Last edited: May 10, 2011
6. May 11, 2011

### tiny-tim

Hi Zarathustra0!
I don't recommend trying to mix up tensors and 2-forms.

Use one or the other.

2-forms, in my opinion, are easier.

There isn't much call for writing out the Minkowski angular momentum but the similar electromagnetic field is regularly used …

we can write it either as the antisymmetric tensor (matrix) 0 By -Bz Ex etc (which takes up four lines, and doesn't say anything intuitive), or as a neat 2-form …

ExtΛx + EytΛy + EztΛz + BxyΛz + ByzΛx + BzxΛy​

but once you get used to the idea, you can just write that 2-form as
(Ex,Ey,Ez,Bx,By,Bz),​
and you'll know what that means just as you know what (E,px,py,pz) means without having to write the basis vectors!

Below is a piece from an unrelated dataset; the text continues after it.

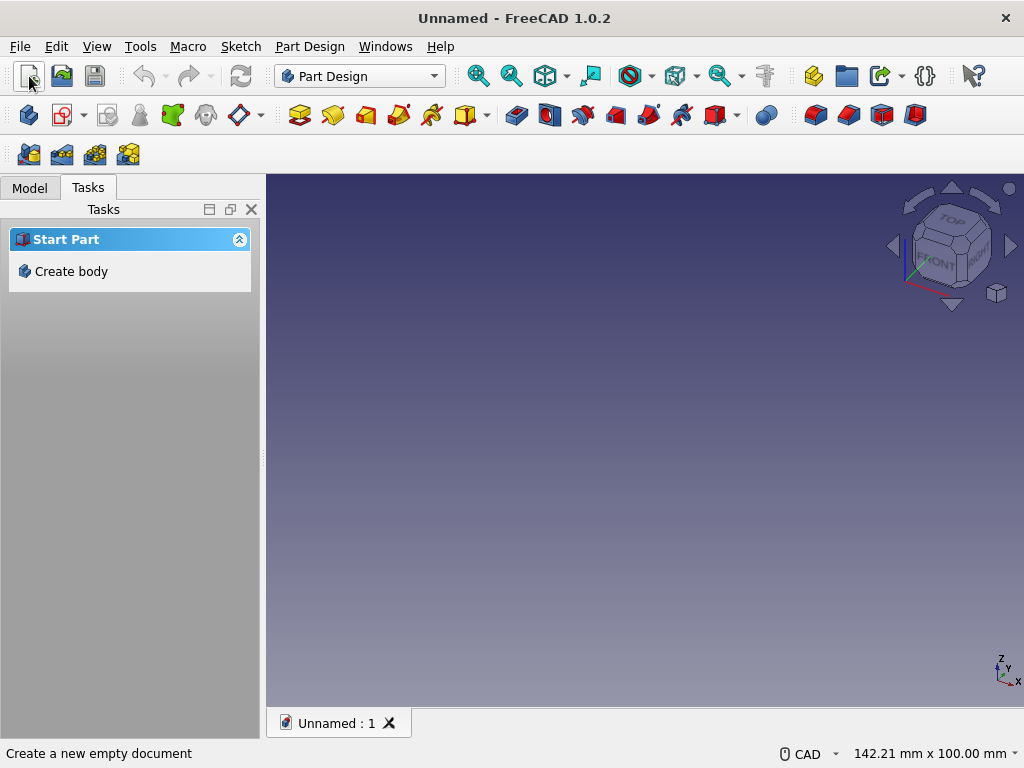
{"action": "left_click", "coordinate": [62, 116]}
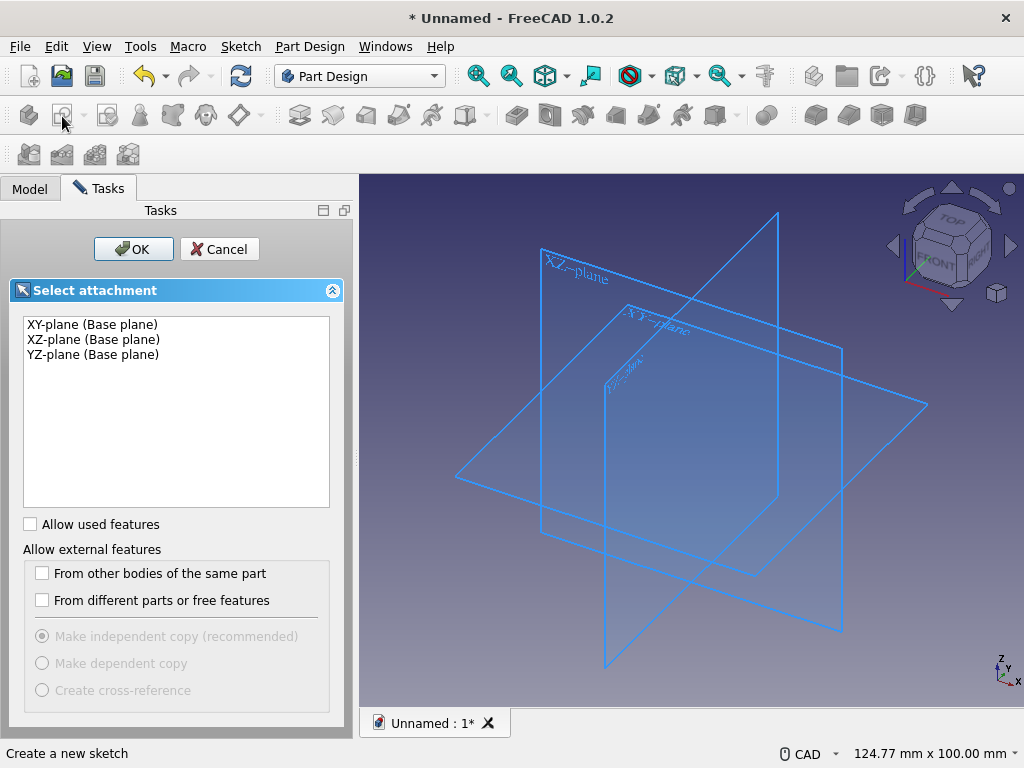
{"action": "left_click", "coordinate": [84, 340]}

(try writing out the Lorentz force expression F* = q(t,x,y,z)Λ(Ex,Ey,Ez,Bx,By,Bz), to get a feel for how it all works ) ​

7. May 11, 2011

### Zarathustra0

OK, in that case to apply the transformation twice to each basis element, should I simply make the substitutions

ct' --> $$\gamma$$ct - $$\beta\gamma$$x,

x' --> -$$\beta\gamma$$ct + $$\gamma$$x,

y' --> y, and

z' --> z

twice to the six basis elements?

8. May 11, 2011

### tiny-tim

yes!

so for example x'Λt' = … ?

(btw, you may find it easier to use the rapidity α, where tanhα = v = β, and coshα = γ)

9. May 11, 2011

### Zarathustra0

OK, cool--thanks for all the help!

Actually I think I have one last (perhaps trivial) question. In the position 4-vector (in r $$\wedge$$ p), should the temporal component ct be 0? This seems intuitive since we're just talking about two points in space (the position of the orbiting particle and the center of rotation) and not events at different times.

10. May 11, 2011

### tiny-tim

I can't remember.

I can't remember ever seeing a useful application of rΛp !

11. May 11, 2011

### DrGreg

No, it needs to be ct so that r is a genuine 4-vector (= rank-1 tensor) and hence the angular-momentum is a genuine rank-2 tensor. Note that t contributes to the other 3 components of the tensor that don't correspond to angular momentum (see post 2).

12. May 12, 2011

### Sam Gralla

The time-space components of the angular momentum tensor give the center of mass of the system (minus t times the momentum, if you are in a frame with non-zero momentum). You can think of the angular momentum tensor as a way of combining the ordinary angular momentum and the center of mass into a single 4D object, much as the relativistic energy-momentum vector combines energy and momentum into a single 4D object.